Как и всякую необычную, неформатную фигуру, Гумилева не жаловал советский научный истеблишмент. К счастью, его мало волновали статус и регалии, продвижение по карьерной лестнице. Его целью было выжить (непростая задача в сталинское время) и успеть записать свои мысли. А если повезет, увидеть свои книги изданными. Ему это удалось.
Что касается статуса, то иногда можно встретить мнение: Гумилев томился в тени своих великих родителей. Но, скорее, он томился от отсутствия родителей в своей жизни. С юности ему пришлось осознать себя одиноким человеком: отца, как контрреволюционера, большевики казнили, когда Льву было девять, а мать почти всегда была где-то далеко.
«Лёва скоро уйдет»
Брак Гумилева и Ахматовой вскоре после рождения Льва распался, и сына отдали на воспитание бабушке Анне Ивановне Гумилевой в ее имение Слепнево под Бежецком. После революции бабушка с внуком жили сначала в Петрограде, а затем в самом Бежецке.
Николай Гумилев появлялся в жизни маленького сына чаще Ахматовой, и Лев сохранил о нем самые теплые воспоминания. В своих скитаниях он никогда не расставался с фотографией отца. Гумилев-старший привил сыну интерес к истории, привозил увлекательные книги, посвящал ему стихи и рисовал сцены из древних мифов.
С Ахматовой отношения складывались сложнее. Когда 17-летний Лев приехал из Бежецка в Ленинград, чтобы поступить в пединститут, поэтесса была замужем за искусствоведом Николаем Пуниным, который совсем не обрадовался пасынку. Ему дали место на сундуке в холодном коридоре, а пребывание юноши в квартире искусствовед сдабривал попреками такого рода: «Я не могу кормить весь Ленинград». Ахматова не прекословила мужу и сама, похоже, находилась в зависимости от Пунина. «Странно, что я так долго прожила с Николаем Николаевичем... Но я была так подавлена, что сил не хватало уйти. Мне было очень плохо, ведь я тринадцать лет не писала стихов», – говорила она впоследствии.

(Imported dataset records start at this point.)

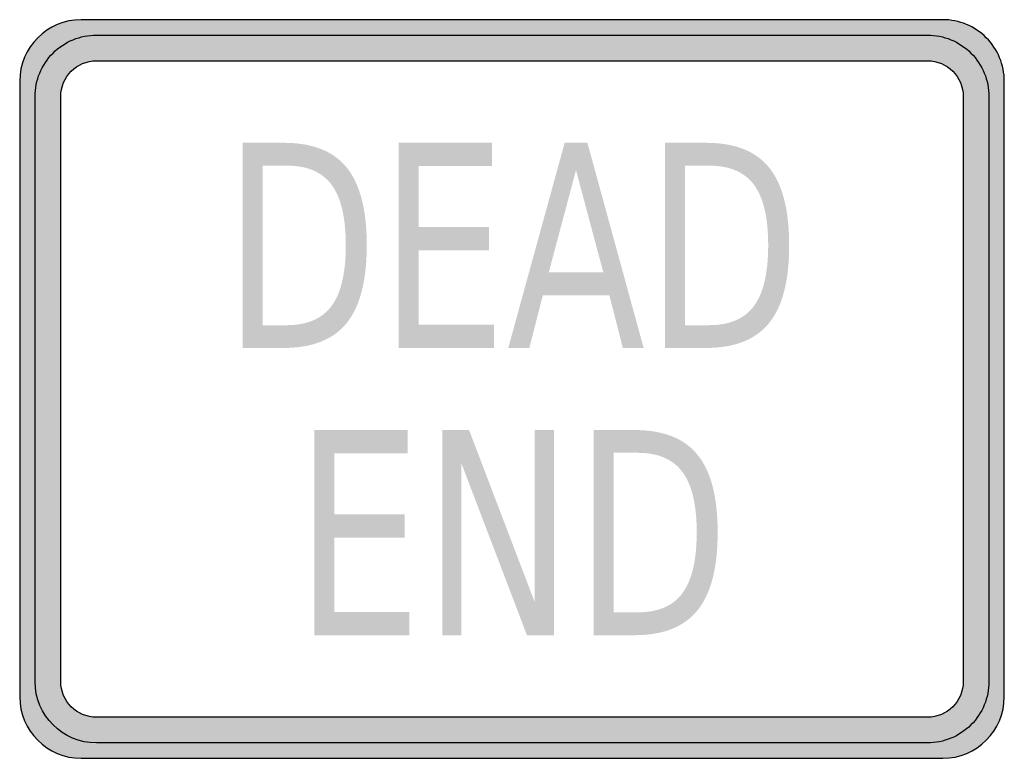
# Model space of a CAD drawing. Header units: inches. Extents: x -0.5 to 0.5, y -0.38 to 0.37.
import ezdxf

# ---------------------------------------------------------------- set-up
doc = ezdxf.new("R2010")
doc.units = ezdxf.units.IN
doc.header["$MEASUREMENT"] = 0

msp = doc.modelspace()

# ---------------------------------------------------------------- hatches: boundary and pattern name
h = msp.add_hatch(color=7)
edge = h.paths.add_edge_path()
edge.add_line((-0.4375, -0.375), (0.4375, -0.375))
edge.add_spline(control_points=[(0.4375, -0.375), (0.472, -0.375), (0.5, -0.347), (0.5, -0.3125)], knot_values=[0, 0, 0, 0, 1, 1, 1, 1], degree=3, periodic=0)
edge.add_line((0.5, -0.3125), (0.5, 0.3125))
edge.add_spline(control_points=[(0.5, 0.3125), (0.5, 0.3291), (0.4934, 0.345), (0.4817, 0.3567), (0.47, 0.3684), (0.4541, 0.375), (0.4375, 0.375)], knot_values=[0, 0, 0, 0, 1, 1, 1, 2, 2, 2, 2], degree=3, periodic=0)
edge.add_line((0.4375, 0.375), (-0.4375, 0.375))
edge.add_spline(control_points=[(-0.4375, 0.375), (-0.472, 0.375), (-0.5, 0.347), (-0.5, 0.3125)], knot_values=[0, 0, 0, 0, 1, 1, 1, 1], degree=3, periodic=0)
edge.add_line((-0.5, 0.3125), (-0.5, -0.3125))
edge.add_spline(control_points=[(-0.5, -0.3125), (-0.5, -0.347), (-0.472, -0.375), (-0.4375, -0.375)], knot_values=[0, 0, 0, 0, 1, 1, 1, 1], degree=3, periodic=0)
edge = h.paths.add_edge_path(flags=0)
edge.add_spline(control_points=[(0.4219, 0.3333), (0.442, 0.3333), (0.4583, 0.317), (0.4583, 0.2969)], knot_values=[0, 0, 0, 0, 1, 1, 1, 1], degree=3, periodic=0)
edge.add_line((0.4583, 0.2969), (0.4583, -0.2969))
edge.add_spline(control_points=[(0.4583, -0.2969), (0.4583, -0.317), (0.442, -0.3333), (0.4219, -0.3333)], knot_values=[0, 0, 0, 0, 1, 1, 1, 1], degree=3, periodic=0)
edge.add_line((0.4219, -0.3333), (-0.4219, -0.3333))
edge.add_spline(control_points=[(-0.4219, -0.3333), (-0.442, -0.3333), (-0.4583, -0.317), (-0.4583, -0.2969)], knot_values=[0, 0, 0, 0, 1, 1, 1, 1], degree=3, periodic=0)
edge.add_line((-0.4583, -0.2969), (-0.4583, 0.2969))
edge.add_spline(control_points=[(-0.4583, 0.2969), (-0.4583, 0.317), (-0.442, 0.3333), (-0.4219, 0.3333)], knot_values=[0, 0, 0, 0, 1, 1, 1, 1], degree=3, periodic=0)
edge.add_line((-0.4219, 0.3333), (0.4219, 0.3333))
h = msp.add_hatch(color=7)
edge = h.paths.add_edge_path()
edge.add_spline(control_points=[(-0.4219, 0.3594), (-0.4385, 0.3594), (-0.4543, 0.3528), (-0.4661, 0.3411), (-0.4778, 0.3293), (-0.4844, 0.3134), (-0.4844, 0.2969)], knot_values=[0, 0, 0, 0, 1, 1, 1, 2, 2, 2, 2], degree=3, periodic=0)
edge.add_line((-0.4844, 0.2969), (-0.4844, -0.2969))
edge.add_spline(control_points=[(-0.4844, -0.2969), (-0.4844, -0.3314), (-0.4564, -0.3594), (-0.4219, -0.3594)], knot_values=[0, 0, 0, 0, 1, 1, 1, 1], degree=3, periodic=0)
edge.add_line((-0.4219, -0.3594), (0.4219, -0.3594))
edge.add_spline(control_points=[(0.4219, -0.3594), (0.4385, -0.3594), (0.4543, -0.3528), (0.4661, -0.3411), (0.4778, -0.3293), (0.4844, -0.3135), (0.4844, -0.2969)], knot_values=[0, 0, 0, 0, 1, 1, 1, 2, 2, 2, 2], degree=3, periodic=0)
edge.add_line((0.4844, -0.2969), (0.4844, 0.2969))
edge.add_spline(control_points=[(0.4844, 0.2969), (0.4844, 0.3134), (0.4778, 0.3293), (0.4661, 0.3411), (0.4543, 0.3528), (0.4385, 0.3594), (0.4219, 0.3594)], knot_values=[0, 0, 0, 0, 1, 1, 1, 2, 2, 2, 2], degree=3, periodic=0)
edge.add_line((0.4219, 0.3594), (-0.4219, 0.3594))
edge = h.paths.add_edge_path(flags=0)
edge.add_spline(control_points=[(-0.4219, 0.3333), (-0.442, 0.3333), (-0.4583, 0.317), (-0.4583, 0.2969)], knot_values=[0, 0, 0, 0, 1, 1, 1, 1], degree=3, periodic=0)
edge.add_line((-0.4583, 0.2969), (-0.4583, -0.2969))
edge.add_spline(control_points=[(-0.4583, -0.2969), (-0.4583, -0.317), (-0.442, -0.3333), (-0.4219, -0.3333)], knot_values=[0, 0, 0, 0, 1, 1, 1, 1], degree=3, periodic=0)
edge.add_line((-0.4219, -0.3333), (0.4219, -0.3333))
edge.add_spline(control_points=[(0.4219, -0.3333), (0.442, -0.3333), (0.4583, -0.317), (0.4583, -0.2969)], knot_values=[0, 0, 0, 0, 1, 1, 1, 1], degree=3, periodic=0)
edge.add_line((0.4583, -0.2969), (0.4583, 0.2969))
edge.add_spline(control_points=[(0.4583, 0.2969), (0.4583, 0.317), (0.442, 0.3333), (0.4219, 0.3333)], knot_values=[0, 0, 0, 0, 1, 1, 1, 1], degree=3, periodic=0)
edge.add_line((0.4219, 0.3333), (-0.4219, 0.3333))
h = msp.add_hatch(color=7)
edge = h.paths.add_edge_path()
edge.add_line((-0.2735, 0.25), (-0.2319, 0.25))
edge.add_spline(control_points=[(-0.2319, 0.25), (-0.2028, 0.25), (-0.1814, 0.2416), (-0.1678, 0.2248), (-0.1543, 0.208), (-0.1475, 0.1818), (-0.1475, 0.146), (-0.1475, 0.1101), (-0.1543, 0.0838), (-0.1679, 0.0669), (-0.1816, 0.0501), (-0.2029, 0.0417), (-0.2319, 0.0417)], knot_values=[0, 0, 0, 0, 1, 1, 1, 2, 2, 2, 3, 3, 3, 4, 4, 4, 4], degree=3, periodic=0)
edge.add_line((-0.2319, 0.0417), (-0.2735, 0.0417))
edge.add_line((-0.2735, 0.0417), (-0.2735, 0.25))
edge = h.paths.add_edge_path(flags=0)
edge.add_line((-0.2532, 0.2268), (-0.2532, 0.0648))
edge.add_line((-0.2532, 0.0648), (-0.2287, 0.0648))
edge.add_spline(control_points=[(-0.2287, 0.0648), (-0.208, 0.0648), (-0.1929, 0.0713), (-0.1832, 0.0844), (-0.1736, 0.0974), (-0.1688, 0.1179), (-0.1688, 0.146), (-0.1688, 0.1739), (-0.1736, 0.1944), (-0.1832, 0.2074), (-0.1929, 0.2203), (-0.208, 0.2268), (-0.2287, 0.2268)], knot_values=[0, 0, 0, 0, 1, 1, 1, 2, 2, 2, 3, 3, 3, 4, 4, 4, 4], degree=3, periodic=0)
edge.add_line((-0.2287, 0.2268), (-0.2532, 0.2268))
for points in [[(-0.1151, 0.25), (-0.0203, 0.25), (-0.0203, 0.2263), (-0.0948, 0.2263), (-0.0948, 0.1646), (-0.0233, 0.1646), (-0.0233, 0.1409), (-0.0948, 0.1409), (-0.0948, 0.0654), (-0.0184, 0.0654), (-0.0184, 0.0417), (-0.1151, 0.0417), (-0.1151, 0.25)], [(-0.2009, -0.0417), (-0.1061, -0.0417), (-0.1061, -0.0654), (-0.1806, -0.0654), (-0.1806, -0.1271), (-0.1091, -0.1271), (-0.1091, -0.1508), (-0.1806, -0.1508), (-0.1806, -0.2263), (-0.1042, -0.2263), (-0.1042, -0.25), (-0.2009, -0.25), (-0.2009, -0.0417)], [(-0.0709, -0.0417), (-0.0436, -0.0417), (0.0229, -0.216), (0.0229, -0.0417), (0.0426, -0.0417), (0.0426, -0.25), (0.0152, -0.25), (-0.0513, -0.0757), (-0.0513, -0.25), (-0.0709, -0.25), (-0.0709, -0.0417)]]:
    msp.add_hatch(color=7).paths.add_polyline_path(points)
h = msp.add_hatch(color=7)
h.paths.add_polyline_path([(0.0535, 0.25), (0.0766, 0.25), (0.1337, 0.0417), (0.1126, 0.0417), (0.0989, 0.0951), (0.0313, 0.0951), (0.0176, 0.0417), (-0.0038, 0.0417), (0.0535, 0.25)])
h.paths.add_polyline_path([(0.065, 0.2222), (0.0374, 0.1186), (0.0927, 0.1186), (0.065, 0.2222)], flags=0)
h = msp.add_hatch(color=7)
edge = h.paths.add_edge_path()
edge.add_line((0.1555, 0.25), (0.1971, 0.25))
edge.add_spline(control_points=[(0.1971, 0.25), (0.2262, 0.25), (0.2476, 0.2416), (0.2612, 0.2248), (0.2747, 0.208), (0.2815, 0.1818), (0.2815, 0.146), (0.2815, 0.1101), (0.2747, 0.0838), (0.2611, 0.0669), (0.2474, 0.0501), (0.2261, 0.0417), (0.1971, 0.0417)], knot_values=[0, 0, 0, 0, 1, 1, 1, 2, 2, 2, 3, 3, 3, 4, 4, 4, 4], degree=3, periodic=0)
edge.add_line((0.1971, 0.0417), (0.1555, 0.0417))
edge.add_line((0.1555, 0.0417), (0.1555, 0.25))
edge = h.paths.add_edge_path(flags=0)
edge.add_line((0.1758, 0.2268), (0.1758, 0.0648))
edge.add_line((0.1758, 0.0648), (0.2003, 0.0648))
edge.add_spline(control_points=[(0.2003, 0.0648), (0.221, 0.0648), (0.2361, 0.0713), (0.2458, 0.0844), (0.2554, 0.0974), (0.2602, 0.1179), (0.2602, 0.146), (0.2602, 0.1739), (0.2554, 0.1944), (0.2458, 0.2074), (0.2361, 0.2203), (0.221, 0.2268), (0.2003, 0.2268)], knot_values=[0, 0, 0, 0, 1, 1, 1, 2, 2, 2, 3, 3, 3, 4, 4, 4, 4], degree=3, periodic=0)
edge.add_line((0.2003, 0.2268), (0.1758, 0.2268))
h = msp.add_hatch(color=7)
edge = h.paths.add_edge_path()
edge.add_line((0.0829, -0.0417), (0.1245, -0.0417))
edge.add_spline(control_points=[(0.1245, -0.0417), (0.1536, -0.0417), (0.175, -0.0501), (0.1885, -0.0669), (0.2021, -0.0836), (0.2089, -0.1099), (0.2089, -0.1456), (0.2089, -0.1815), (0.2021, -0.2079), (0.1884, -0.2247), (0.1748, -0.2416), (0.1535, -0.25), (0.1245, -0.25)], knot_values=[0, 0, 0, 0, 1, 1, 1, 2, 2, 2, 3, 3, 3, 4, 4, 4, 4], degree=3, periodic=0)
edge.add_line((0.1245, -0.25), (0.0829, -0.25))
edge.add_line((0.0829, -0.25), (0.0829, -0.0417))
edge = h.paths.add_edge_path(flags=0)
edge.add_line((0.1032, -0.0648), (0.1032, -0.2268))
edge.add_line((0.1032, -0.2268), (0.1277, -0.2268))
edge.add_spline(control_points=[(0.1277, -0.2268), (0.1483, -0.2268), (0.1635, -0.2203), (0.1731, -0.2073), (0.1828, -0.1943), (0.1876, -0.1737), (0.1876, -0.1456), (0.1876, -0.1177), (0.1828, -0.0973), (0.1731, -0.0843), (0.1635, -0.0713), (0.1483, -0.0648), (0.1277, -0.0648)], knot_values=[0, 0, 0, 0, 1, 1, 1, 2, 2, 2, 3, 3, 3, 4, 4, 4, 4], degree=3, periodic=0)
edge.add_line((0.1277, -0.0648), (0.1032, -0.0648))

# ---------------------------------------------------------------- linework, layer by layer
at = {"color": 7}
for points in [[(0.4375, 0.375), (-0.4375, 0.375)], [(-0.4219, 0.3594), (0.4219, 0.3594)], [(-0.4219, 0.3333), (0.4219, 0.3333)], [(-0.5, 0.3125), (-0.5, -0.3125)], [(0.5, -0.3125), (0.5, 0.3125)], [(-0.4844, -0.2969), (-0.4844, 0.2969)], [(-0.4583, -0.2969), (-0.4583, 0.2969)], [(0.4583, 0.2969), (0.4583, -0.2969)], [(0.4844, 0.2969), (0.4844, -0.2969)], [(0.4219, -0.3333), (-0.4219, -0.3333)], [(0.4219, -0.3594), (-0.4219, -0.3594)], [(-0.4375, -0.375), (0.4375, -0.375)]]:
    msp.add_lwpolyline(points, dxfattribs=at)
for points in [[(-0.4375, 0.375), (-0.472, 0.375), (-0.5, 0.347), (-0.5, 0.3125)], [(-0.4583, 0.2969), (-0.4583, 0.317), (-0.442, 0.3333), (-0.4219, 0.3333)], [(0.4219, 0.3333), (0.442, 0.3333), (0.4583, 0.317), (0.4583, 0.2969)], [(-0.4219, -0.3594), (-0.4564, -0.3594), (-0.4844, -0.3314), (-0.4844, -0.2969)], [(-0.4219, -0.3333), (-0.442, -0.3333), (-0.4583, -0.317), (-0.4583, -0.2969)], [(0.4583, -0.2969), (0.4583, -0.317), (0.442, -0.3333), (0.4219, -0.3333)], [(-0.5, -0.3125), (-0.5, -0.347), (-0.472, -0.375), (-0.4375, -0.375)], [(0.4375, -0.375), (0.472, -0.375), (0.5, -0.347), (0.5, -0.3125)]]:
    msp.add_open_spline(points, degree=3, dxfattribs=at)
for points in [[(0.5, 0.3125), (0.5, 0.3291), (0.4934, 0.345), (0.4817, 0.3567), (0.47, 0.3684), (0.4541, 0.375), (0.4375, 0.375)], [(-0.4844, 0.2969), (-0.4844, 0.3134), (-0.4778, 0.3293), (-0.4661, 0.3411), (-0.4543, 0.3528), (-0.4385, 0.3594), (-0.4219, 0.3594)], [(0.4219, 0.3594), (0.4385, 0.3594), (0.4543, 0.3528), (0.4661, 0.3411), (0.4778, 0.3293), (0.4844, 0.3134), (0.4844, 0.2969)], [(0.4844, -0.2969), (0.4844, -0.3135), (0.4778, -0.3293), (0.4661, -0.3411), (0.4543, -0.3528), (0.4385, -0.3594), (0.4219, -0.3594)]]:
    msp.add_open_spline(points, degree=3, knots=[0, 0, 0, 0, 1, 1, 1, 2, 2, 2, 2], dxfattribs=at)

doc.saveas('drawing.dxf')

«Лёва скоро уйдет», – оправдывалась Ахматова, когда сын заходил к отчиму поужинать. Естественно, при таком отношении Гумилев был готов жить где угодно, только не у Пунина.
Экспедиция для монархиста
В пединститут Льва не приняли из-за дворянского происхождения. Надо сказать, что это происхождение Лев не только не скрывал, но даже выставлял напоказ, что принесло ему немало проблем. При этом ни он, ни советская власть не знали (или делали вид, что не знают), что фактически Гумилев не дворянин. Дворянство было пожаловано его деду, отцу Николая, и только личное, то есть не передающееся по наследству. Но эти «детали» для Льва и большевиков не имели значения – в этом они были на редкость единодушны.
Юный Лев держал себя гордо и независимо, порой даже задиристо. Например, открыто заявлял, что он монархист, хотя, по свидетельству близких, политикой совсем не интересовался. Храня в уме героический образ отца – поэта, воина и путешественника, – он намеревался преодолевать жизненные трудности с высоко поднятой головой.
Страна Арсеньева: 150 лет знаменитому исследователю Дальнего Востока
Гумилев устроился чернорабочим на завод имени Свердлова, затем в трамвайное депо. А потом нашлась работа, на которой его ждали путешествия, приключения и относительная свобода. Растущее и вступившее в эпоху индустриализации государство было заинтересовано в исследовательских экспедициях – геологических, биологических и так далее, в них брали кого угодно, даже монархистов. Дальние поездки в Забайкалье, Таджикистан в компании ученых укрепили Гумилева в желании заниматься наукой и дали первые импульсы к его будущему евразийству, интересу к Востоку. Он начал собирать фольклор местных жителей, а общаясь с декханами, быстро выучил таджикский язык.
В 1934 году Лев поступил на исторический факультет Ленинградского университета. Студентом он был очень неформатным, начиная с внешнего вида – рваная, старая одежда, которую он носил по крайней бедности, – и заканчивая демонстративным грассированием и открытыми высказываниями о том, что страной должна управлять аристократия. Из-за этого учебу Гумилева несколько раз прерывали аресты и лагеря.
Тюрьмы и лагеря
Гумилева можно назвать бывалым зэком – в общей сложности он «отмотал» 13 лет. Как говорил сам ученый, первый раз он сидел «за папу» (то есть как сын ранее расстрелянного отца-монархиста), а второй – «за маму», то есть, когда, не решаясь репрессировать саму Ахматову, советская власть отыгралась на ее сыне.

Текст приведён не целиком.